START SOURCE INFORMATION

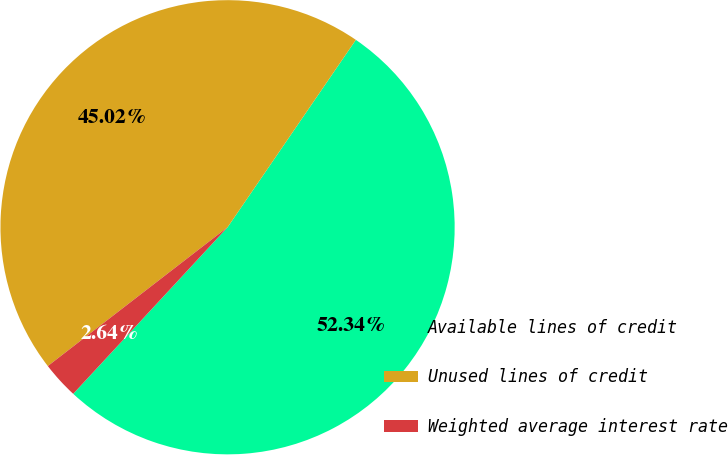<chart> <loc_0><loc_0><loc_500><loc_500><pie_chart><fcel>Available lines of credit<fcel>Unused lines of credit<fcel>Weighted average interest rate<nl><fcel>52.34%<fcel>45.02%<fcel>2.64%<nl></chart> 
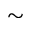Convert formula to latex. <formula><loc_0><loc_0><loc_500><loc_500>\sim</formula> 
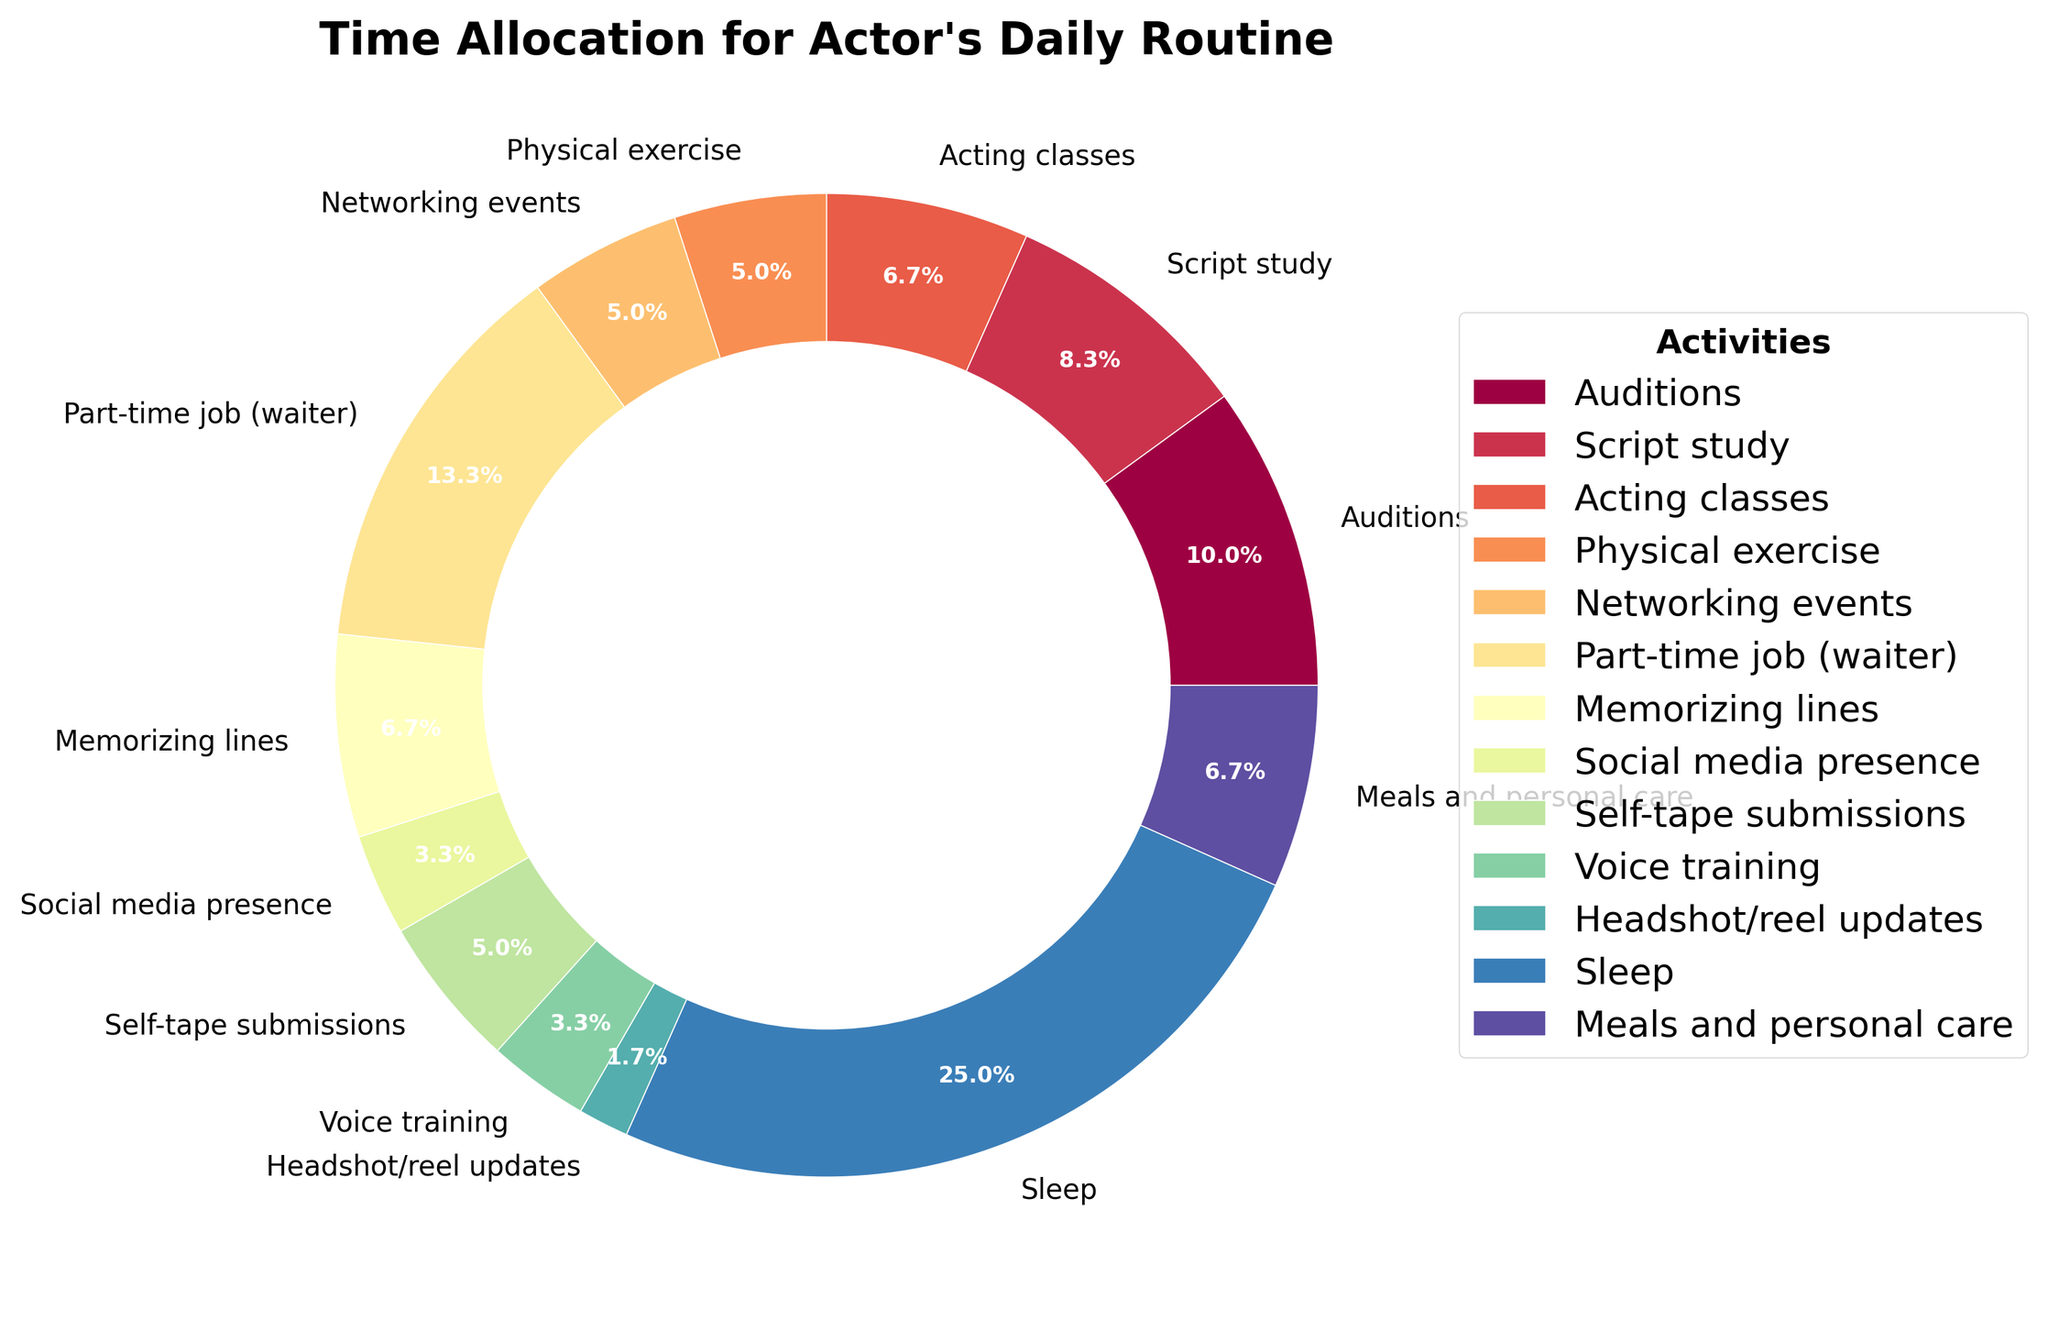what activity takes up the largest portion of an actor's daily routine? By looking at the pie chart, we can see that "Sleep" has the largest wedge. According to the data, sleep takes up 7.5 hours, which is the largest portion.
Answer: Sleep How many hours are spent on physical exercise and voice training combined? The time spent on physical exercise is 1.5 hours, and on voice training is 1 hour. Adding them up gives 1.5 + 1 = 2.5 hours.
Answer: 2.5 hours Which activity takes up more time, script study or acting classes? By comparing the wedges for script study and acting classes, we see that script study (2.5 hours) takes more time than acting classes (2 hours).
Answer: Script study What percentage of the day is dedicated to networking events and self-tape submissions combined? The time spent on networking events is 1.5 hours, and on self-tape submissions is 1.5 hours. The total combined is 3 hours out of a 24-hour day. To convert this to percentage: (3/24) * 100 = 12.5%.
Answer: 12.5% Which activity has the smallest portion in the actor's daily routine? From the pie chart, the "Headshot/reel updates" wedge appears to be the smallest. According to the data, this activity takes up only 0.5 hours.
Answer: Headshot/reel updates Is more time spent on sleep or all work-related activities combined (auditions, part-time job, script study, acting classes, networking events, memorizing lines, self-tape submissions, voice training, and headshot/reel updates)? First, calculate the total time spent on all work-related activities: 3 (auditions) + 4 (part-time job) + 2.5 (script study) + 2 (acting classes) + 1.5 (networking events) + 2 (memorizing lines) + 1.5 (self-tape submissions) + 1 (voice training) + 0.5 (headshot/reel updates) = 18 hours. Since sleep is 7.5 hours, more time is spent on all work-related activities combined.
Answer: All work-related activities combined How many hours are spent on meals and personal care, and social media presence together? The time spent on meals and personal care is 2 hours, and on social media presence is 1 hour. Adding them together gives 2 + 1 = 3 hours.
Answer: 3 hours Is the time spent in networking events equal to the time spent in self-tape submissions? According to the data, both networking events and self-tape submissions take 1.5 hours each.
Answer: Yes Which takes up more time, memorizing lines or physical exercise? The time for memorizing lines is 2 hours, while physical exercise is 1.5 hours. Memorizing lines takes more time.
Answer: Memorizing lines How much more or less time is spent on voice training compared to headshot/reel updates? The time spent on voice training is 1 hour, and headshot/reel updates is 0.5 hours. The difference is 1 - 0.5 = 0.5 hours.
Answer: 0.5 hours more

END SOURCE INFORMATION

WHAT YOU NEED TO DO
Print the lines of the material, exactly and only, from the line that contains "Answer: 3 hours" down to and including the final line.

TASK RESPONSE
Answer: 3 hours Is the time spent in networking events equal to the time spent in self-tape submissions? According to the data, both networking events and self-tape submissions take 1.5 hours each.
Answer: Yes Which takes up more time, memorizing lines or physical exercise? The time for memorizing lines is 2 hours, while physical exercise is 1.5 hours. Memorizing lines takes more time.
Answer: Memorizing lines How much more or less time is spent on voice training compared to headshot/reel updates? The time spent on voice training is 1 hour, and headshot/reel updates is 0.5 hours. The difference is 1 - 0.5 = 0.5 hours.
Answer: 0.5 hours more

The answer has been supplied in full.